ROTFLMAO - I love these.

How many sound techs does it take to change a lightbulb? (a) 1-2-1-2-1-2 or (b) none. its not sound, its electrical.

Who is a folkie with a college degree? Manager at Pizza Hut.

What do you call at drummer who uses the rhythm method? Daddy

A man goes into a pawnshop in Chinatown and sees a golden rat on a shelf. He asks the price and is told "$25 or $100 with the story". He says "For $75 you can keep the story" and buys the statue. He walks out and soon becomes aware of a faint scurrying sound behind him. As it starts to get louder he looks over his shoulder to see five and then ten and soon every rat in the city following him. The faster he runs the faster they chase and soon, in desperation, he throws the statue off of Fisherman's Wharf. The rats all follow it into the water and drown. THe man returns to the pawnshop and the proprieter say's " I bet you're here to pay me for the story now". The man replies "No, I'd like to buy that golden accordian"!

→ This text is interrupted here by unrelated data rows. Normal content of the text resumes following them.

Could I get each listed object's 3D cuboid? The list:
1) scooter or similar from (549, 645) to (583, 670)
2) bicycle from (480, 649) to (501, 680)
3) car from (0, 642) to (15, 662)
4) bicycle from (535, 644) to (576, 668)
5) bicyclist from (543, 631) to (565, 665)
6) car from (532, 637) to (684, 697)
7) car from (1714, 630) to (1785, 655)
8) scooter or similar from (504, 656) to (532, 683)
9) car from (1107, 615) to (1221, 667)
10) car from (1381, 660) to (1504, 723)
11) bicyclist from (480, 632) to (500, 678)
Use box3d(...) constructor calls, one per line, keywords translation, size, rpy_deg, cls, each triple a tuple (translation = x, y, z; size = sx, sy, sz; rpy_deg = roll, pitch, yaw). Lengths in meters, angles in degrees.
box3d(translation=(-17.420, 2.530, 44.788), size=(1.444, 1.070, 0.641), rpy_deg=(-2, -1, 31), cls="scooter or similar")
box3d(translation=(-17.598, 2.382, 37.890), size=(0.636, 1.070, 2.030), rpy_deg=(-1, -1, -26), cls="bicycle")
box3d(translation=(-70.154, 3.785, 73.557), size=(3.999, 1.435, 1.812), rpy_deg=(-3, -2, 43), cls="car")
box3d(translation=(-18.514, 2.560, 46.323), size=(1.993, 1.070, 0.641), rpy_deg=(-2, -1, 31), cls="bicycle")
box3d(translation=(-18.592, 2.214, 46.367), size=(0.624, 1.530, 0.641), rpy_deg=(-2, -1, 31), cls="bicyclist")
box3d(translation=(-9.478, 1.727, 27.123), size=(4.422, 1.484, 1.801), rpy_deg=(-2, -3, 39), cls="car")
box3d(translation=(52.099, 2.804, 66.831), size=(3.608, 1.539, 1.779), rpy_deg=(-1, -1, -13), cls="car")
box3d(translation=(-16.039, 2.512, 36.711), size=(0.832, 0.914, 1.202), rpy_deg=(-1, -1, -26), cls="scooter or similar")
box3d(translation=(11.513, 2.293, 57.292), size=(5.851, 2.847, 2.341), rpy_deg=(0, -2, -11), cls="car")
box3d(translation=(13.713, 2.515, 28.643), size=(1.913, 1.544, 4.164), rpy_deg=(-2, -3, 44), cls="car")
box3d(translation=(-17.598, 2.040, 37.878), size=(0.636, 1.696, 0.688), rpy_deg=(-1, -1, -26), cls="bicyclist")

Dictionary of Musical Terms JAZZ: Five men on the same stage all playing different tunes. BLUES: Played exclusively by people who woke up this morning. WORLD MUSIC : A dozen different types of percussion all going at once. OPERA : People singing when they should be talking. RAP : People talking when they should be singing. CLASSICAL : Discover the other 45 minutes they left out of the TV ad. FOLK : Endless songs about shipwrecks in the 19th century. BIG BAND : 20 men who take it in turns to stand up plus a drummer. HEAVY METAL : Codpiece and chaps HOUSE MUSIC : OK as long as it's not the house next door.

What's the difference between a banjo jam session and a train wreck? There are usually survivors in a train wreck.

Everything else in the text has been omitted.